Exercise> A line qualifies if it holds the string "Offer". Copy every qualifying line from the records.

__________________________________________________

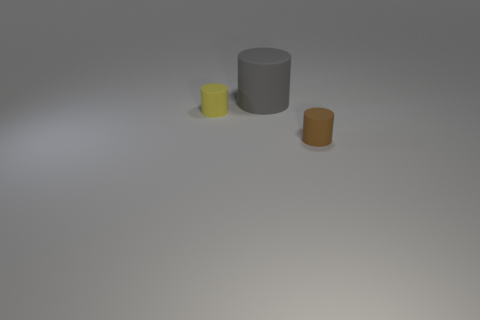How would you describe the lighting in the scene? The lighting in the scene appears soft and diffused, casting gentle shadows and highlighting the objects without creating harsh glare. What might be the mood or setting this lighting suggests? The soft lighting creates a calm and neutral atmosphere. It could be indicative of an indoor setting, perhaps a workspace or a studio where the focus is on the objects. 
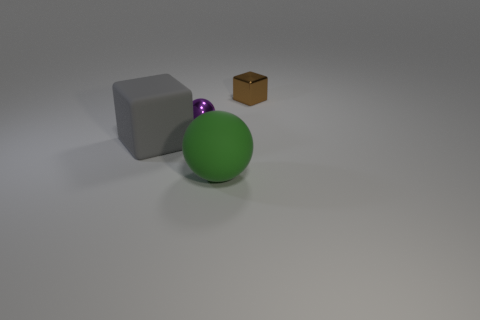There is a green matte ball right of the small purple object; is its size the same as the cube left of the green thing?
Offer a terse response. Yes. What number of objects are small shiny cylinders or cubes that are in front of the tiny brown metallic thing?
Offer a terse response. 1. Is there another gray matte thing that has the same shape as the big gray thing?
Give a very brief answer. No. How big is the cube that is left of the big thing that is to the right of the large gray thing?
Make the answer very short. Large. What number of metal objects are purple things or yellow cubes?
Offer a terse response. 1. How many purple matte balls are there?
Offer a terse response. 0. Is the ball behind the matte block made of the same material as the thing that is on the left side of the tiny purple metallic ball?
Offer a very short reply. No. What color is the other metal object that is the same shape as the large green object?
Keep it short and to the point. Purple. What material is the sphere to the right of the small thing in front of the tiny block?
Make the answer very short. Rubber. There is a big thing that is left of the large green matte thing; is it the same shape as the tiny object on the right side of the purple metallic thing?
Ensure brevity in your answer.  Yes. 
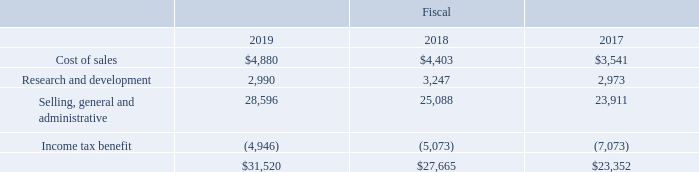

__________________________________________________

Answer to this problem>
Offer a terse response. Yes. What number of objects are small shiny cylinders or cubes that are in front of the tiny brown metallic thing?
Offer a terse response. 1. Is there another gray matte thing that has the same shape as the big gray thing?
Offer a terse response. 1. How many purple matte balls are there?
Offer a terse response. 0. Is the ball behind the matte block made of the same material as the thing that is on the left side of the tiny purple metallic ball?
Offer a very short reply. No. What color is the other metal object that is the same shape as the large green object?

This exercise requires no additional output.